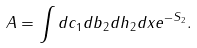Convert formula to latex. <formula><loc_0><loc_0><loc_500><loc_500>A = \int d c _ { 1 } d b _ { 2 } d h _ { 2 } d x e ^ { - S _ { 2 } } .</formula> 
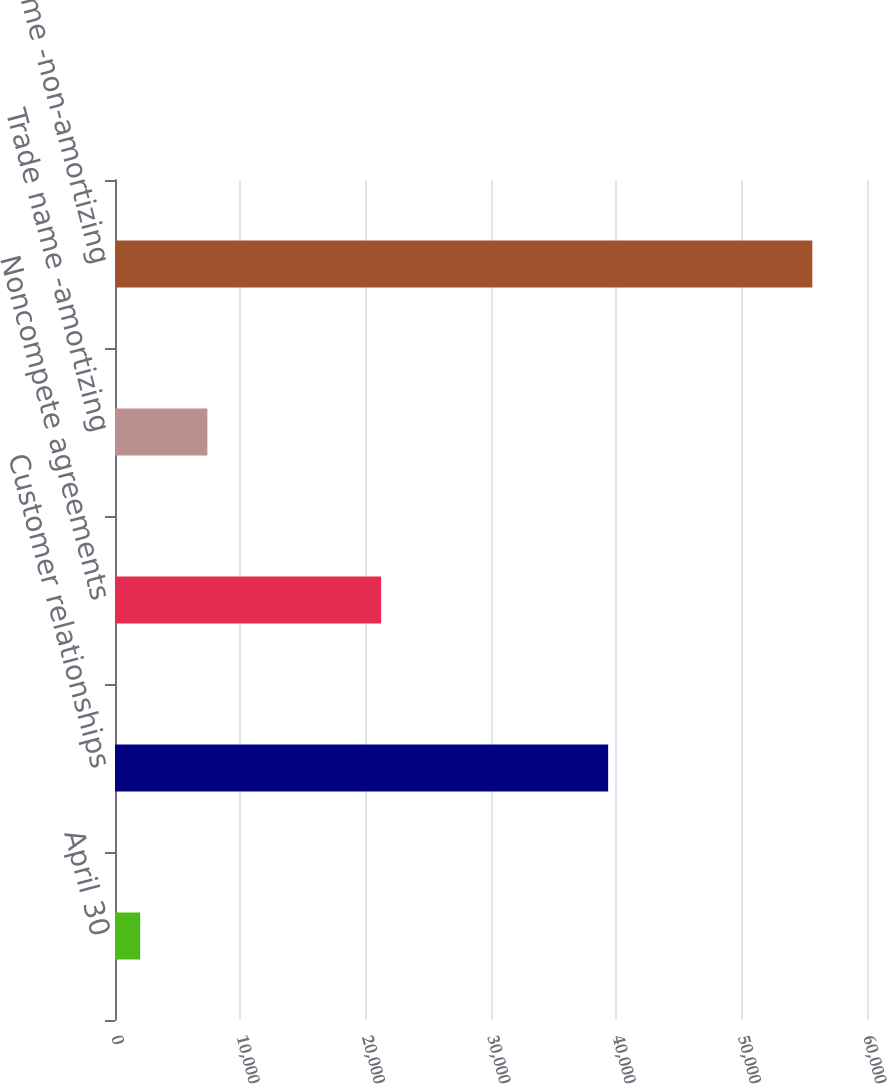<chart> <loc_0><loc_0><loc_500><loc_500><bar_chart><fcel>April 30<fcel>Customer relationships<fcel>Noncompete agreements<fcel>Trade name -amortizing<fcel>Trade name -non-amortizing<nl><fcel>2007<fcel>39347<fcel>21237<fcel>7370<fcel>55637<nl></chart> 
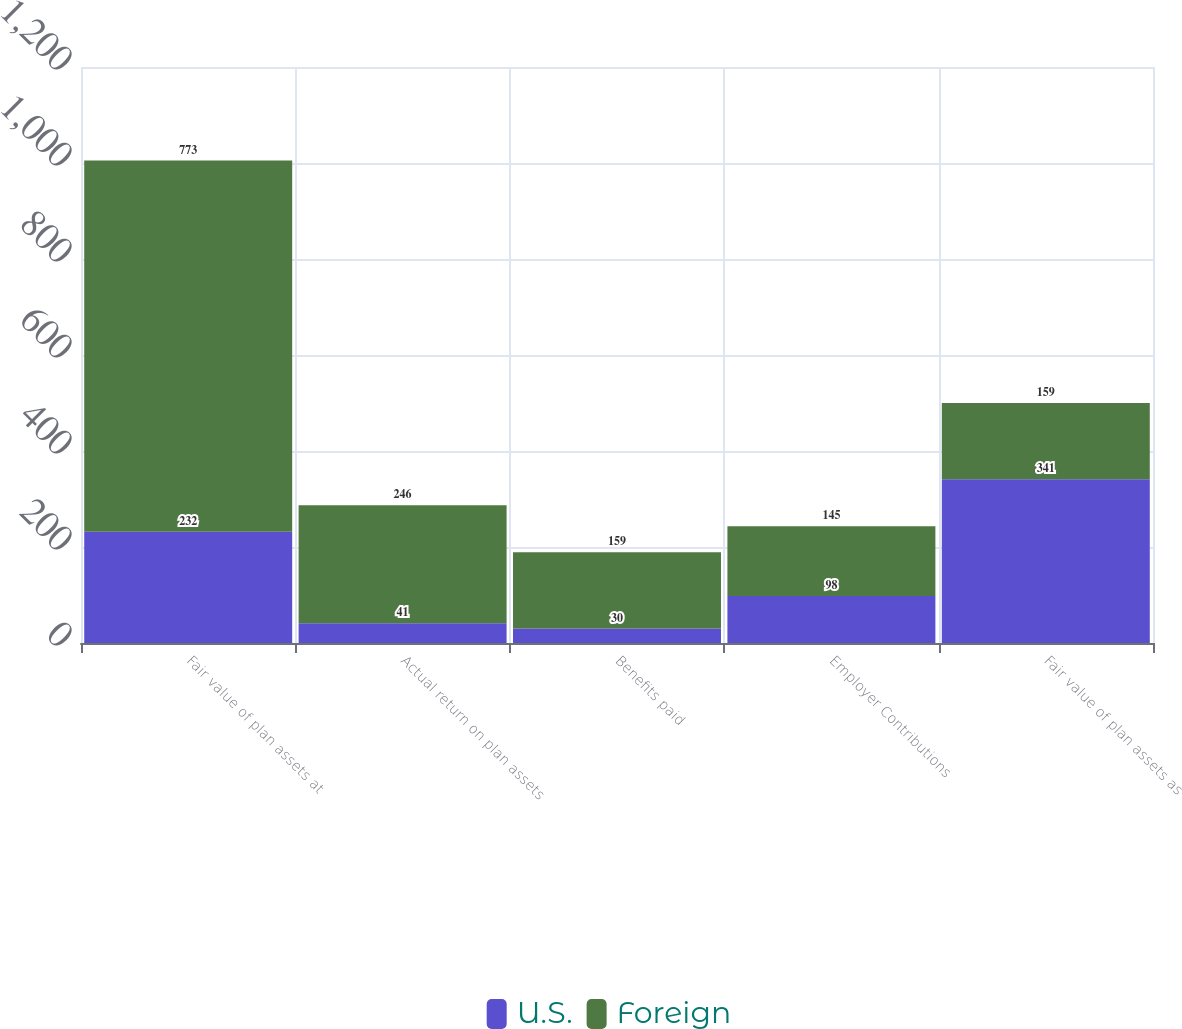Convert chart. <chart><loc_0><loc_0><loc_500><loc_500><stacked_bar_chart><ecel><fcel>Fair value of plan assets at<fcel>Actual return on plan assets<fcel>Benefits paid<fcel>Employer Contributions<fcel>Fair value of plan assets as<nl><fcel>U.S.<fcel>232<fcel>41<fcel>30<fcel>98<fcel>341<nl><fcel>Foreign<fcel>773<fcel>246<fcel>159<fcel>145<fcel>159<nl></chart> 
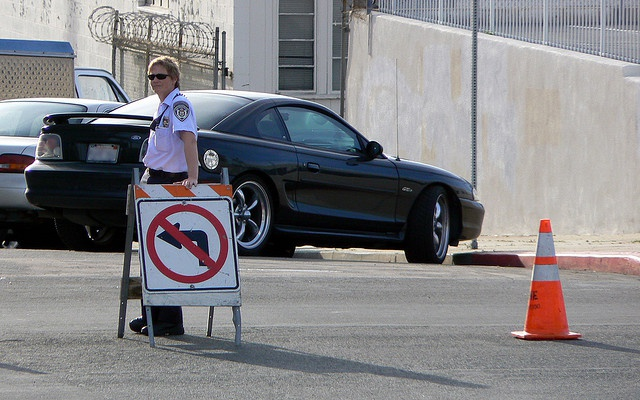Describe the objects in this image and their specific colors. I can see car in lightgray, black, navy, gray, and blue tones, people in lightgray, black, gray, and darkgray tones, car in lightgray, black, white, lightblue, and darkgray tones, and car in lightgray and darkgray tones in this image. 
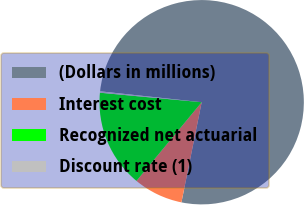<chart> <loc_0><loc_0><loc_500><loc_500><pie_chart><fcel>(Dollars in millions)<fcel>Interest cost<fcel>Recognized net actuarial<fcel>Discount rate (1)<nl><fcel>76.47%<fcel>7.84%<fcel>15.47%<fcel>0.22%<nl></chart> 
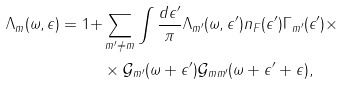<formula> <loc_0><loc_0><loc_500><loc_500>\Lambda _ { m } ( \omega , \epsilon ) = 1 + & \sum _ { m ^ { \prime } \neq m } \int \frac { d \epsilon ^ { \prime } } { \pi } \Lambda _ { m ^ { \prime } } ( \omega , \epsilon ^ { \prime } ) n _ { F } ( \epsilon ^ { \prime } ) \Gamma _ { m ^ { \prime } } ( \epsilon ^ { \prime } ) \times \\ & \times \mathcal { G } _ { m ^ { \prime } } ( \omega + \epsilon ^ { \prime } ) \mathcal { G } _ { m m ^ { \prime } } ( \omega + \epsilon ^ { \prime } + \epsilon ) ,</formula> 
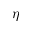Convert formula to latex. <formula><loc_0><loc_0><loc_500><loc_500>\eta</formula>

=======

- [Exercise goal]: Type the records out again in full, exactly, with each picture omitted.

- [Exercise answer]:
Convert formula to latex. <formula><loc_0><loc_0><loc_500><loc_500>A = \int d c _ { 1 } d b _ { 2 } d h _ { 2 } d x e ^ { - S _ { 2 } } .</formula> 
<chart> <loc_0><loc_0><loc_500><loc_500><bar_chart><fcel>April 30<fcel>Customer relationships<fcel>Noncompete agreements<fcel>Trade name -amortizing<fcel>Trade name -non-amortizing<nl><fcel>2007<fcel>39347<fcel>21237<fcel>7370<fcel>55637<nl></chart> 
Convert chart. <chart><loc_0><loc_0><loc_500><loc_500><stacked_bar_chart><ecel><fcel>Fair value of plan assets at<fcel>Actual return on plan assets<fcel>Benefits paid<fcel>Employer Contributions<fcel>Fair value of plan assets as<nl><fcel>U.S.<fcel>232<fcel>41<fcel>30<fcel>98<fcel>341<nl><fcel>Foreign<fcel>773<fcel>246<fcel>159<fcel>145<fcel>159<nl></chart> 
Describe the objects in this image and their specific colors. I can see car in lightgray, black, navy, gray, and blue tones, people in lightgray, black, gray, and darkgray tones, car in lightgray, black, white, lightblue, and darkgray tones, and car in lightgray and darkgray tones in this image. 
<chart> <loc_0><loc_0><loc_500><loc_500><pie_chart><fcel>(Dollars in millions)<fcel>Interest cost<fcel>Recognized net actuarial<fcel>Discount rate (1)<nl><fcel>76.47%<fcel>7.84%<fcel>15.47%<fcel>0.22%<nl></chart> 
<formula> <loc_0><loc_0><loc_500><loc_500>\Lambda _ { m } ( \omega , \epsilon ) = 1 + & \sum _ { m ^ { \prime } \neq m } \int \frac { d \epsilon ^ { \prime } } { \pi } \Lambda _ { m ^ { \prime } } ( \omega , \epsilon ^ { \prime } ) n _ { F } ( \epsilon ^ { \prime } ) \Gamma _ { m ^ { \prime } } ( \epsilon ^ { \prime } ) \times \\ & \times \mathcal { G } _ { m ^ { \prime } } ( \omega + \epsilon ^ { \prime } ) \mathcal { G } _ { m m ^ { \prime } } ( \omega + \epsilon ^ { \prime } + \epsilon ) ,</formula> 
Convert formula to latex. <formula><loc_0><loc_0><loc_500><loc_500>\eta</formula>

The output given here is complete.